Spring usually produces a bumper crop of weddings in China, raucous, convivial affairs that light up the social calendar. Caravans of fancy cars trailing pink ribbons and paper flowers clog traffic; cardboard cutouts of the Chinese symbol for “double happiness” grin from the walls of hotels and restaurants.

But the SARS outbreak sent prospective newlyweds and the entire wedding industry into a funk, the worst that many in the business can remember.

With people shunning social events and venues refusing large bookings, hundreds of disappointed couples have been forced to cancel their nuptials, including some who had already issued invitations, reserved banquet halls, picked out flowers and practiced smiling for the cameras.

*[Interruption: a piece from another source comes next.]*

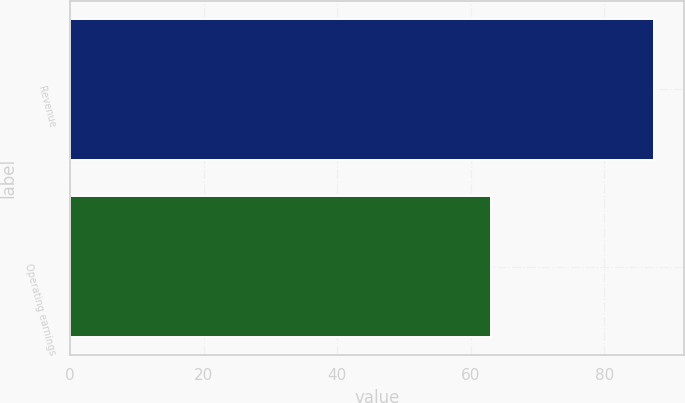Convert chart. <chart><loc_0><loc_0><loc_500><loc_500><bar_chart><fcel>Revenue<fcel>Operating earnings<nl><fcel>87.5<fcel>63<nl></chart>

“A lot of engaged couples who came here were in tears, saying, ‘How could we be so unlucky as to run into a situation like this?’ ” said Ban Yu, the owner of Hand-in-Hand, a wedding-planning firm. “They prepared for so long, yet suddenly they couldn’t have their wedding after having invested so much energy and money.”

This has been a grim season for enterprises such as Ban’s.

May is usually one of the two busiest months of the year for Hand-in-Hand, with enamored couples eager to take advantage of good weather, auspicious days on the Chinese astrological calendar and a weeklong national holiday at the beginning of the month.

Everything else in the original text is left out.